Emergency Services Show 2017

Emergency Services Show 2017, NEC, Birmingham 21 September 2017

This show filled a large hall at the NEC with nearly 500 exhibitors and several small lecture theatres providing short presentations.

The highlights of my day there included two talks and some interesting developments that are described below.

Luana Avagliano and Ben Platt gave a presentation on Resilience Direct. I was interested that her advice was to think of the most extreme outcome and prepare for that. This is increasingly a theme in government emergency planning/resilience which is replacing the concept of planning in detail for the worst reasonably foreseeable event (itself pretty bad and of low probability) and in less detail for the extreme events (extendibility). The loss of this “proportionality” makes emergency planning much more expensive.

Her other theme was the importance of recovery. It is true that we used to plan in detail for initiating an emergency response (when to call people, who to call, what to tell them, where to collect them together, and their roles and responsibilities including initial actions). The idea being that once they were up and running they’d manage the initial issues and then move into recovery when the time was right. As time went on the “recovery” bit became a bit more visible and was tested to an extent. However, recent events have shown that the media, and then the public, are unmerciful towards any perceived failure to make the victims comfortable in the hours, days and weeks following an event and that a swift return to the old normality is considered a minimum expectation. It is right to give this area attention. Community resilience is about getting back to normality as quickly and as painlessly as practical no matter what the shock.

Ben spoke about the new lessons learned processes being added to the Resilience Direct platform. They appear to be well thought out and comprehensive.

Paul Channing from Hampshire Fire and Rescue give a talk on their “safe and sound” programme. This is on online application that asked a few questions (it was designed to take no more than a few minutes) and then based on the answers provides a personalised safety brief. For example if you answer that there are no smokers in the household it doesn’t give the advice on fire safety with regard to smoking. If you have people over 65 in the household it asks more questions and, where appropriate, points to the “safe and well” project that provides advice and practical help to this age range.

This appears to be a well-managed project with a clear focus, targeting the key domestic fire risks, linking to related projects, using focus groups to help with the design, collecting data for feedback and presenting easy to understand customised advice to the user.
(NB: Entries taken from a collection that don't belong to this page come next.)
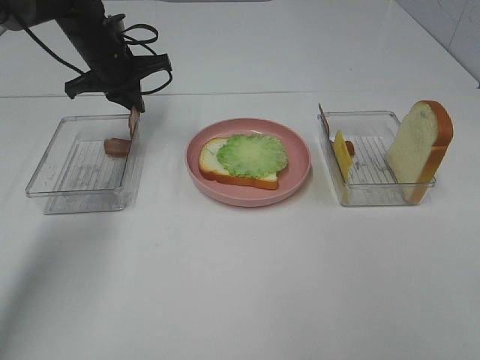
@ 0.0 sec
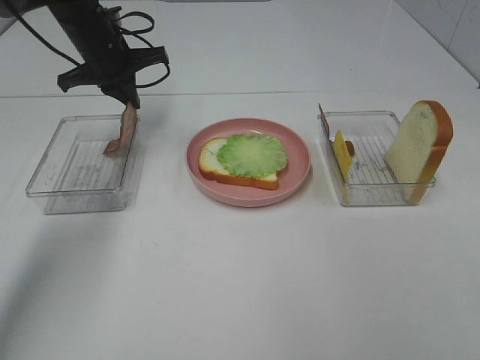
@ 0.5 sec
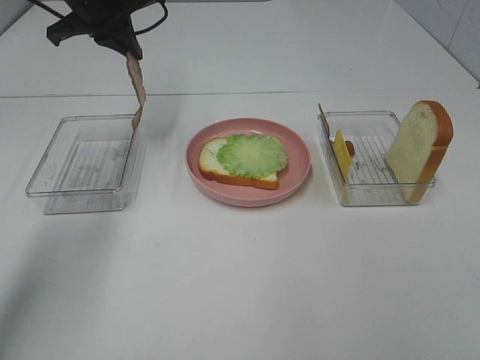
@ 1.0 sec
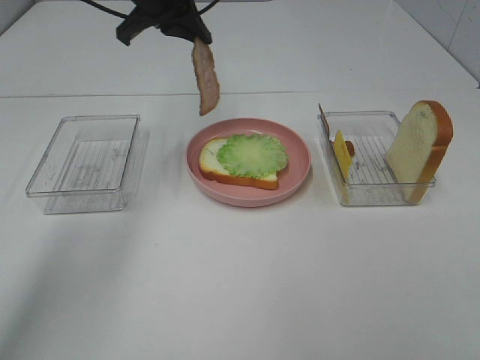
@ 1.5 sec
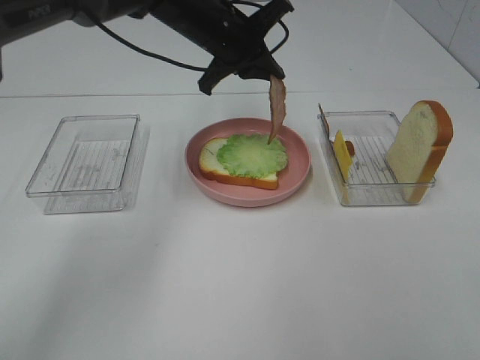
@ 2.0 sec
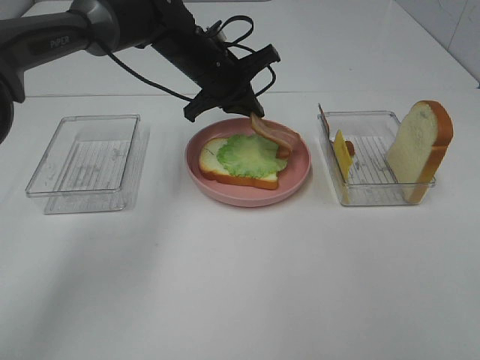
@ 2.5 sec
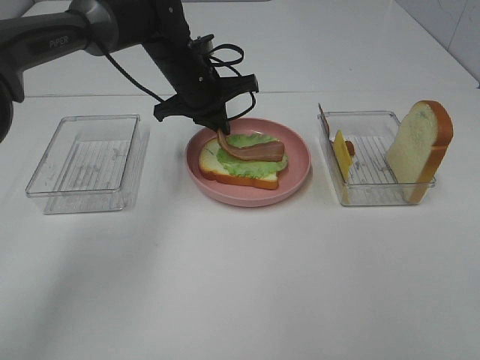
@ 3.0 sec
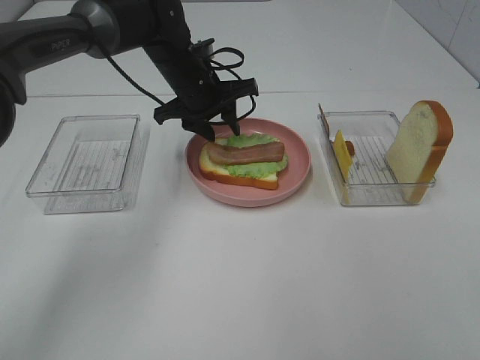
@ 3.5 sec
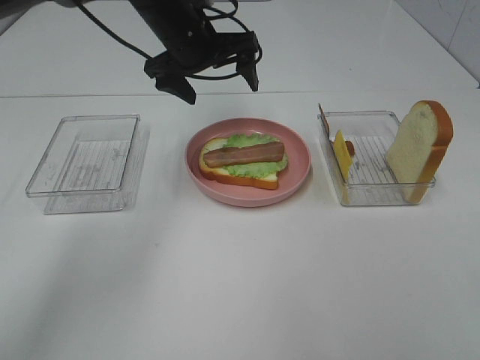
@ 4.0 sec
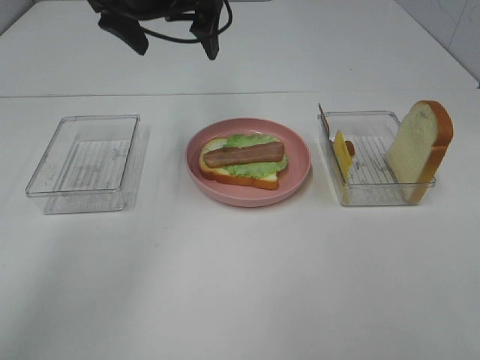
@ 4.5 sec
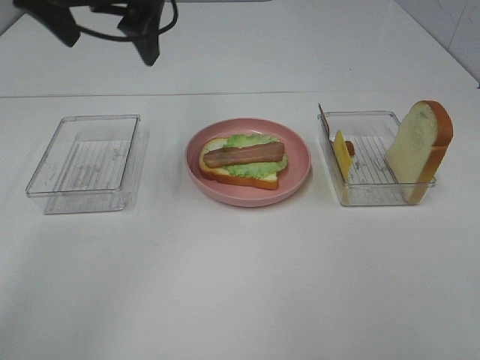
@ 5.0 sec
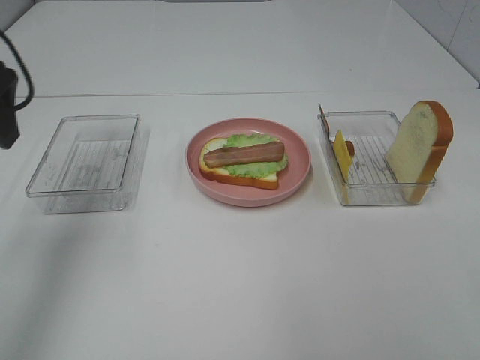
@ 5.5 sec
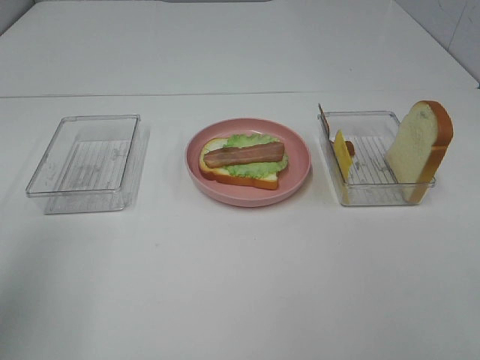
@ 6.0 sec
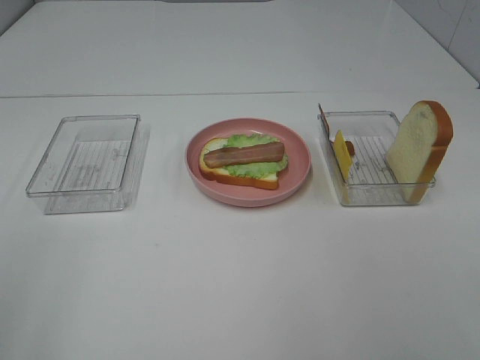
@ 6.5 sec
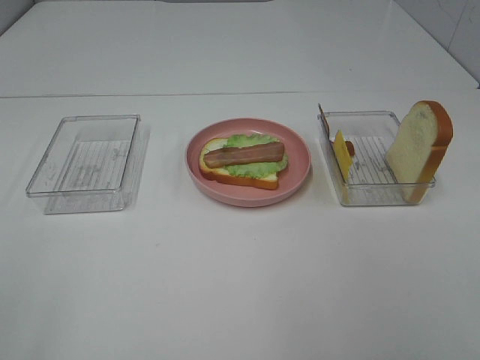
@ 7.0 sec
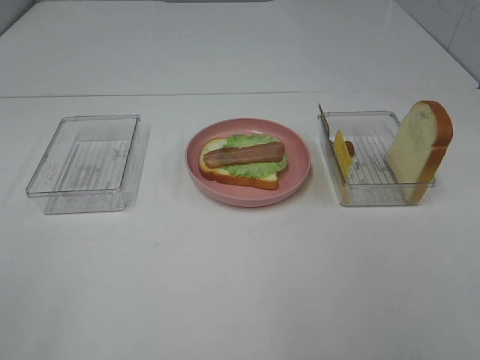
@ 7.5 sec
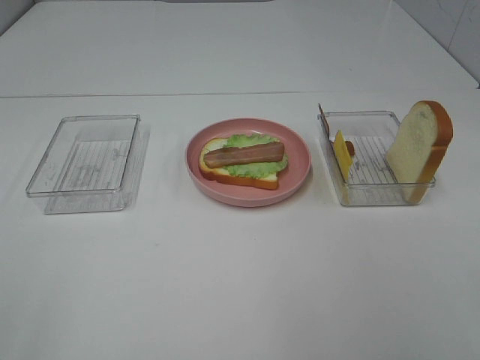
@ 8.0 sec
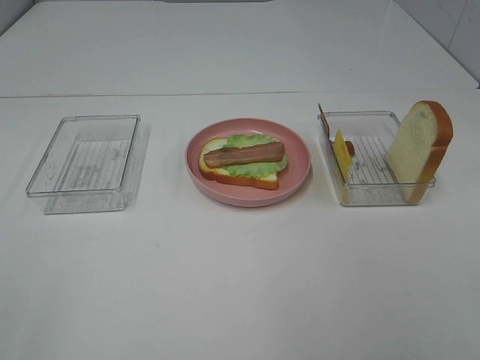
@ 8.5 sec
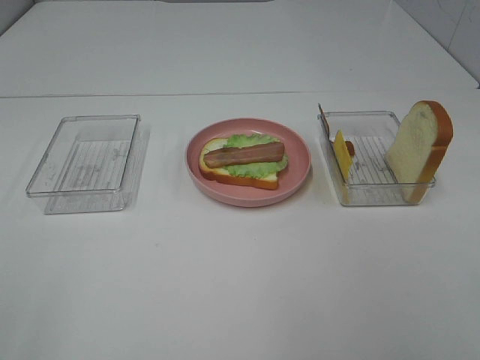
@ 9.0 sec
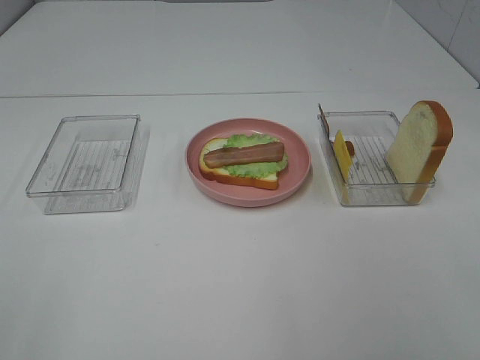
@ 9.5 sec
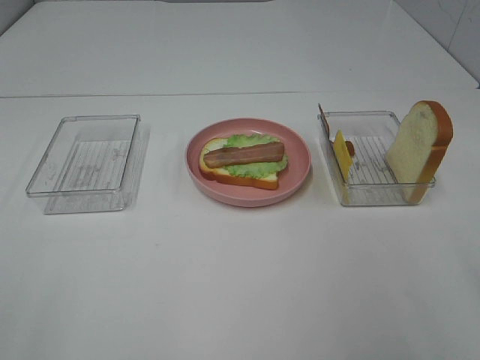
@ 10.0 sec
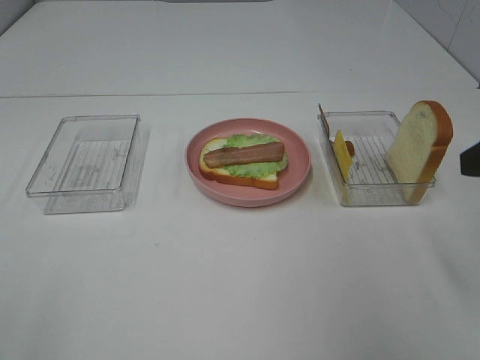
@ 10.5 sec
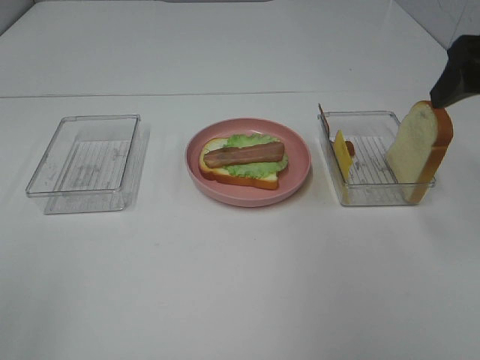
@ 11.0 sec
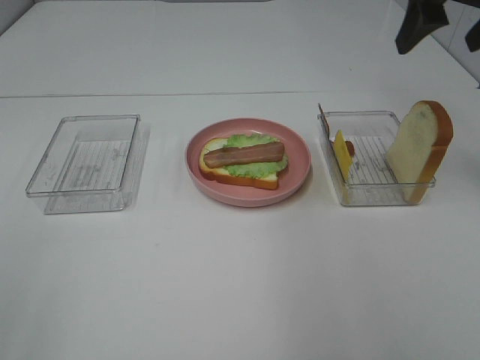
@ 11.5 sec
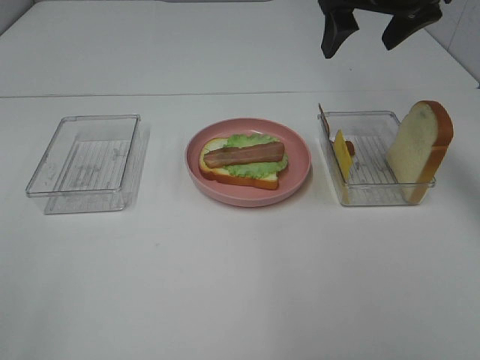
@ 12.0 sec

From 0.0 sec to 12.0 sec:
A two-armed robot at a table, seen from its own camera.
Task of the whole recording: Make sandwiches.
Step, from 0.5 sec to 3.5 sec: Left hand:place bacon on lettuce slice.
From 0.0 sec to 2.0 sec: The left gripper is displaced to the right by roughly 15 cm.
From 2.0 sec to 4.0 sec: The left gripper goes downward and returns, roughly 5 cm each way, and opens its fingers.
From 4.0 sec to 6.0 sec: The left gripper is displaced backward and to the left by approximately 40 cm.
From 10.0 sec to 12.0 sec: The right gripper is displaced forward by about 35 cm.

The idea of using a short questionnaire in this context; where do you live? What age ranges live there? Risk factors etc. before giving customised advice is obvious once you’ve heard it but clever.

Products

I was impressed by Horizonscan which is a company that offers business continuity training but also offers “Crisis boardroom”, a crisis pack consisting of a large suitcase which, in turn, contains a number of other bags each of which contain laminated Command and Control Boards, individual tabards and name tags, stationary and role aide-memoirs. It appears to provide a complete crisis management tool kit in one bag. The tools themselves seemed to be well thought out, designed and produced.

This would be a good place to start for any Company seeking to introduce business continuity to their board as the tool kit provided looks the part.

I’ve mentioned 999-eye from PageOne before. I think that it is a product that would be useful in the nuclear industry.

I liked the orvecare thermal emergency blanket so much that I bought two, one for my car and one for my wife’s car. It takes up less room than the sleeping bag I used to carry in the boot in winter and can stay there all year. It might one day prove useful.

The AlfaDrop Box does look like a possible candidate for a rapidly deployable “space”. It could be a control room, a shelter, a store, or a change facility – whatever. With the vehicle at about £39k and the boxes from £7k upward you could have one vehicle and many boxes which could be deployed quite quickly. Thunderbirds are go! (See video).

Finally a quick message to the organisers. We all now know that LEDs can make bright lights in a range of colours and can flash. We also know that human ingenuity can think of lots of ways of using them. The exhibition room was full of the damn things making it a quite uncomfortable working environment. Maybe in future limit “lights on” for five minutes every hour?